Nothing but the lines from the one containing "Formatted like this" to the end of the data should be copied, exactly, and the pictures stay out.

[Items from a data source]

• • •

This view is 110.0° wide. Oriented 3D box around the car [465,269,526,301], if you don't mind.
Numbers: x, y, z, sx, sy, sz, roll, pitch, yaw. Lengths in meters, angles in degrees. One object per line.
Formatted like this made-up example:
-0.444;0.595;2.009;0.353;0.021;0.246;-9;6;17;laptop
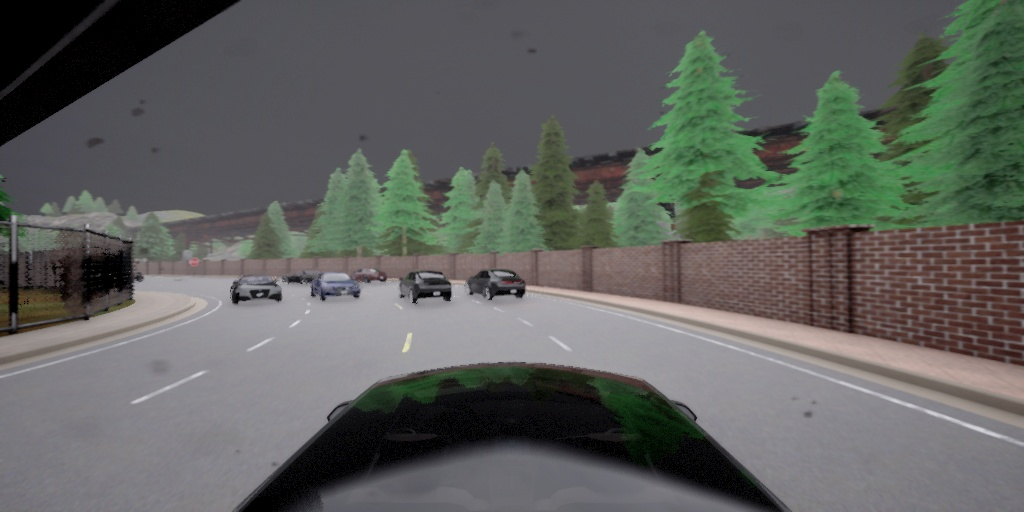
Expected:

• • •

EXERCISE RESPONSE |
Formatted like this made-up example:
-0.444;0.595;2.009;0.353;0.021;0.246;-9;6;17;laptop
Expected:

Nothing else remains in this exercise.